***** GIVEN RECORDS *****

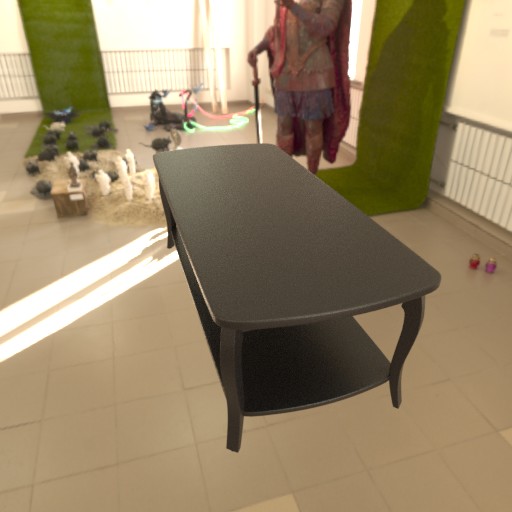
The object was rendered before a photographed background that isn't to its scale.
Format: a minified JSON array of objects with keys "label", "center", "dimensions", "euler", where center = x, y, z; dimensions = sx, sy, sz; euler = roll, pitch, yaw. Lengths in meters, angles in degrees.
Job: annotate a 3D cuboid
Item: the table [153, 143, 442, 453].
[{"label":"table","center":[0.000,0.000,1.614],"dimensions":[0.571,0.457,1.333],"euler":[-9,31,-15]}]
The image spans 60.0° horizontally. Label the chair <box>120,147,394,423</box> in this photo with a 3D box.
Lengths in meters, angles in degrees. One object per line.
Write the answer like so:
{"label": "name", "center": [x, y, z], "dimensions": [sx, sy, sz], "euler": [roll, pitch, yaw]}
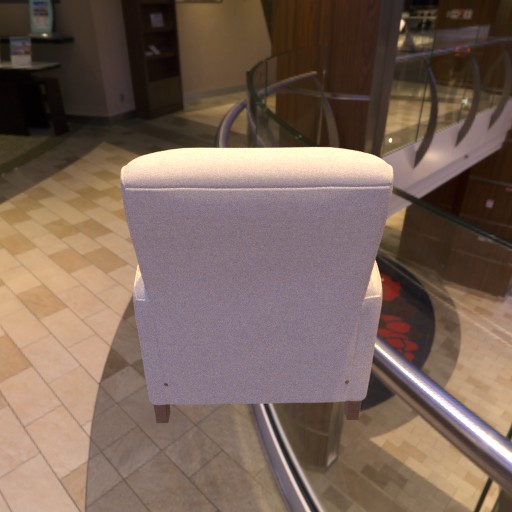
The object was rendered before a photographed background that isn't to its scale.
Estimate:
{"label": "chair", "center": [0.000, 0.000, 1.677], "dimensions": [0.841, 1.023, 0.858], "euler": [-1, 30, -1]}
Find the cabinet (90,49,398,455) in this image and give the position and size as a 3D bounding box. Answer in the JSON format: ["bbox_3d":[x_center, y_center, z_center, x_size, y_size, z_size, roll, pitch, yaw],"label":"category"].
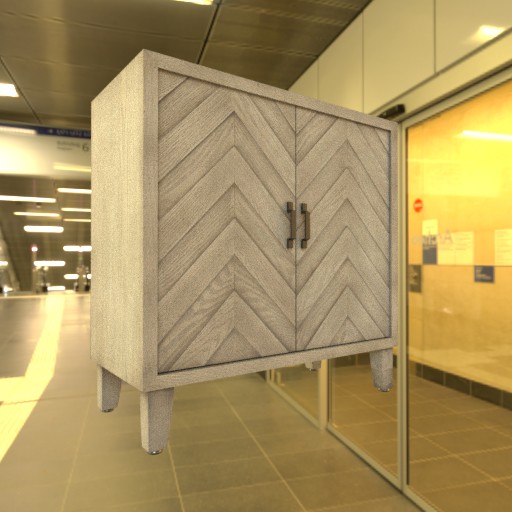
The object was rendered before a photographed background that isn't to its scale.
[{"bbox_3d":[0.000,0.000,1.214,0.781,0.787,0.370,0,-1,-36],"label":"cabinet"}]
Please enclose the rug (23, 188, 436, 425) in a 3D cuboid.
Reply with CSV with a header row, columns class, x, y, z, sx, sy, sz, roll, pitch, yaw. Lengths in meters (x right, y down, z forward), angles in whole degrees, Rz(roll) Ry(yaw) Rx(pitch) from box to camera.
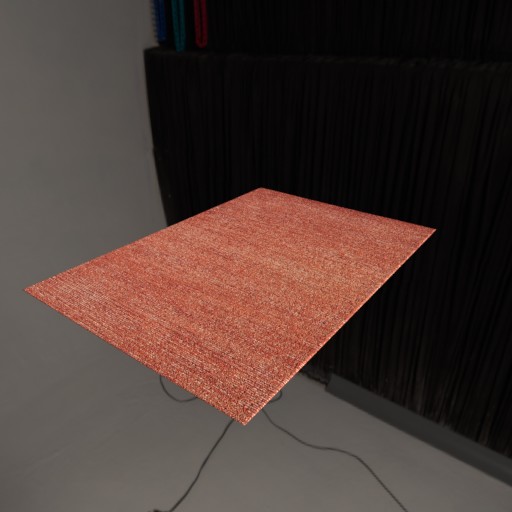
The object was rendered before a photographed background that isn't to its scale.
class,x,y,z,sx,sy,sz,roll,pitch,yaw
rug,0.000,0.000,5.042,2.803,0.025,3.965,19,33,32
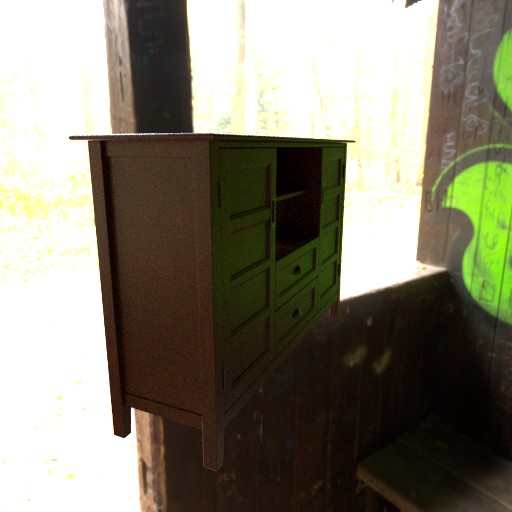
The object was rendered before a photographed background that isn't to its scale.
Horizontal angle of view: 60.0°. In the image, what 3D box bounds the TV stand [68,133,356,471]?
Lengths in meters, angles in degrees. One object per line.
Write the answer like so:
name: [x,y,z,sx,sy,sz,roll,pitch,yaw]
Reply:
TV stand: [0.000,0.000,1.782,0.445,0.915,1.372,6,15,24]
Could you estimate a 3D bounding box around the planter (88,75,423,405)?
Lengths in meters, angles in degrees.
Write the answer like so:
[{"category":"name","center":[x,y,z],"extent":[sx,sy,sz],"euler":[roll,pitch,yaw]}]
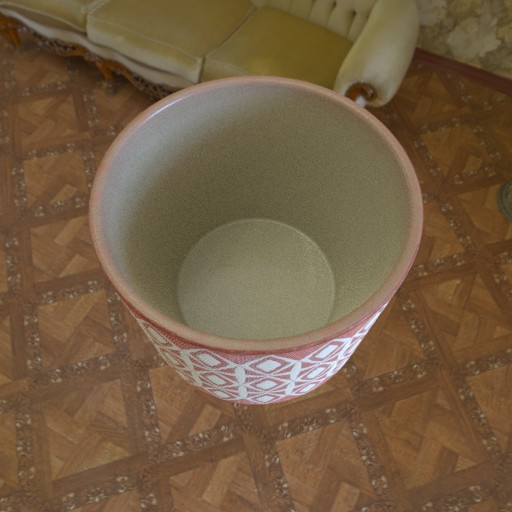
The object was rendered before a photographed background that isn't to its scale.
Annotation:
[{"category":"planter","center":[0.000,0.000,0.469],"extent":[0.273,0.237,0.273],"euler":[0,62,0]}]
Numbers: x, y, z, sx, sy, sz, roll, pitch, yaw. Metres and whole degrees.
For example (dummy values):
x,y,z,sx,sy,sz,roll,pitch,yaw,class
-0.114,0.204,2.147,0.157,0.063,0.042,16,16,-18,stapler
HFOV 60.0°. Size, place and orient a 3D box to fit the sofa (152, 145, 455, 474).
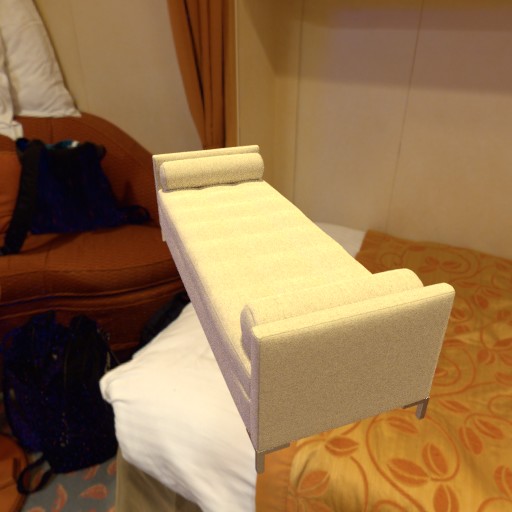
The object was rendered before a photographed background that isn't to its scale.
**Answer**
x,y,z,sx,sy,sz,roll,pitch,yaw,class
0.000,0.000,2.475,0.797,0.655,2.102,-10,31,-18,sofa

*****

* PROBLEM
With the pictures removed from your copy, retype the lines above from the one that contains "Find the cabinet" through the one that contains "Numbers: x, y, z, sx, sy, sz, roll, pitch, yaw.", exactly.

* ANSWER SPACE
Find the cabinet (90,49,398,455) in this image and give the position and size as a 3D bounding box. Answer in the JSON format: ["bbox_3d":[x_center, y_center, z_center, x_size, y_size, z_size, roll, pitch, yaw],"label":"category"].
The object was rendered before a photographed background that isn't to its scale.
[{"bbox_3d":[0.000,0.000,1.214,0.781,0.787,0.370,0,-1,-36],"label":"cabinet"}]
Please enclose the rug (23, 188, 436, 425) in a 3D cuboid.
Reply with CSV with a header row, columns class, x, y, z, sx, sy, sz, roll, pitch, yaw. Lengths in meters (x right, y down, z forward), angles in whole degrees, Rz(roll) Ry(yaw) Rx(pitch) from box to camera.
The object was rendered before a photographed background that isn't to its scale.
class,x,y,z,sx,sy,sz,roll,pitch,yaw
rug,0.000,0.000,5.042,2.803,0.025,3.965,19,33,32
The object was rendered before a photographed background that isn't to its scale.
Horizontal angle of view: 60.0°. In the image, what 3D box bounds the TV stand [68,133,356,471]?
Lengths in meters, angles in degrees. One object per line.
Write the answer like so:
name: [x,y,z,sx,sy,sz,roll,pitch,yaw]
Reply:
TV stand: [0.000,0.000,1.782,0.445,0.915,1.372,6,15,24]
Could you estimate a 3D bounding box around the planter (88,75,423,405)?
Lengths in meters, angles in degrees.
Write the answer like so:
[{"category":"name","center":[x,y,z],"extent":[sx,sy,sz],"euler":[roll,pitch,yaw]}]
The object was rendered before a photographed background that isn't to its scale.
Annotation:
[{"category":"planter","center":[0.000,0.000,0.469],"extent":[0.273,0.237,0.273],"euler":[0,62,0]}]
Numbers: x, y, z, sx, sy, sz, roll, pitch, yaw. Metres and whole degrees.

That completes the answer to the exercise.